Set operations with ORDER BY in SQL - Time & Space Complexity
We want to understand how the time needed to run a SQL query with set operations and ordering changes as the data grows.
Specifically, how does combining results and sorting them affect performance?
Analyze the time complexity of the following code snippet.
SELECT column1 FROM tableA
UNION
SELECT column1 FROM tableB
ORDER BY column1;
This query combines unique values from two tables and then sorts the final list by column1.
Identify the loops, recursion, array traversals that repeat.
- Primary operation: Scanning both tables to collect rows, then sorting the combined results.
- How many times: Each row in both tables is processed once; sorting compares rows multiple times depending on total rows.
As the number of rows in both tables grows, the time to scan grows linearly, but sorting takes more time as the combined data grows.
| Input Size (n) | Approx. Operations |
|---|---|
| 10 | About 20 scans + sorting 20 rows |
| 100 | About 200 scans + sorting 200 rows |
| 1000 | About 2000 scans + sorting 2000 rows |
Pattern observation: Scanning grows straight with input size, sorting grows faster but not as fast as scanning squared.

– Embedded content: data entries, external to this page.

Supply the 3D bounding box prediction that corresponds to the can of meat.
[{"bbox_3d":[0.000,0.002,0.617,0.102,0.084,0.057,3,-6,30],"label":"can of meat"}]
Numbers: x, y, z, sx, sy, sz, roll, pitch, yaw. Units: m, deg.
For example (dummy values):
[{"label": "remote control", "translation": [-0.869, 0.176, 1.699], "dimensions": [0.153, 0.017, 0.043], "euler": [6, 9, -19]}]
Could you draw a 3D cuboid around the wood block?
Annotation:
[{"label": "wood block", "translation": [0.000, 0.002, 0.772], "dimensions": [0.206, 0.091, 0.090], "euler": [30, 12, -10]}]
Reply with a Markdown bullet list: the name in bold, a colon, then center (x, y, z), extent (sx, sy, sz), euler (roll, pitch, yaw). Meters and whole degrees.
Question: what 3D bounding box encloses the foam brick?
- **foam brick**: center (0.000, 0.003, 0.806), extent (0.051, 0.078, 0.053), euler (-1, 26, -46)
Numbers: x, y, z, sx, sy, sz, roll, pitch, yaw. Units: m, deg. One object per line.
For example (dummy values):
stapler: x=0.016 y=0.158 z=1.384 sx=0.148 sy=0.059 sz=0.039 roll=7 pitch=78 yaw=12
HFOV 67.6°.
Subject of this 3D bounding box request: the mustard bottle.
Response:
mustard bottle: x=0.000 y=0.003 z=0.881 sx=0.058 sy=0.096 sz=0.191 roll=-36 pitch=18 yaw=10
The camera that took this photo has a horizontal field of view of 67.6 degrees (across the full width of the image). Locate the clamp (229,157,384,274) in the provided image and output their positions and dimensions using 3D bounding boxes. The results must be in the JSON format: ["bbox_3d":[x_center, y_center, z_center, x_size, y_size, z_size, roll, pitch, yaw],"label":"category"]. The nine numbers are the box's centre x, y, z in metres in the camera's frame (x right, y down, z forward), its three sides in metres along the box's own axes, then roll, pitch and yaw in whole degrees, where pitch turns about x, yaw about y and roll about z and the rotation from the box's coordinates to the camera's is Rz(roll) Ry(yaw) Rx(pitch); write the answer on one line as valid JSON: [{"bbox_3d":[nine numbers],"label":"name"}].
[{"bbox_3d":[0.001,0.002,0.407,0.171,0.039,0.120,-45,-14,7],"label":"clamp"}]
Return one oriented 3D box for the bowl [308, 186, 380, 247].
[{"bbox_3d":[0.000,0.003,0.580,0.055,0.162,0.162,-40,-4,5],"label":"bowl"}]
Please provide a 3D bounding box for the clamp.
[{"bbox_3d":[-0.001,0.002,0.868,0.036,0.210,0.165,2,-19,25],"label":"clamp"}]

Time Complexity: O(n log n)
This means the time grows a bit faster than the number of rows because sorting takes more steps as data grows.
[X] Wrong: "The query runs in straight linear time because it just reads rows once."
[OK] Correct: Sorting the combined results requires extra comparisons, so the time grows faster than just reading rows.
Understanding how set operations and sorting affect query time helps you explain performance in real projects and shows you can think about data size impact.
"What if we replaced UNION with UNION ALL (which does not remove duplicates)? How would the time complexity change?"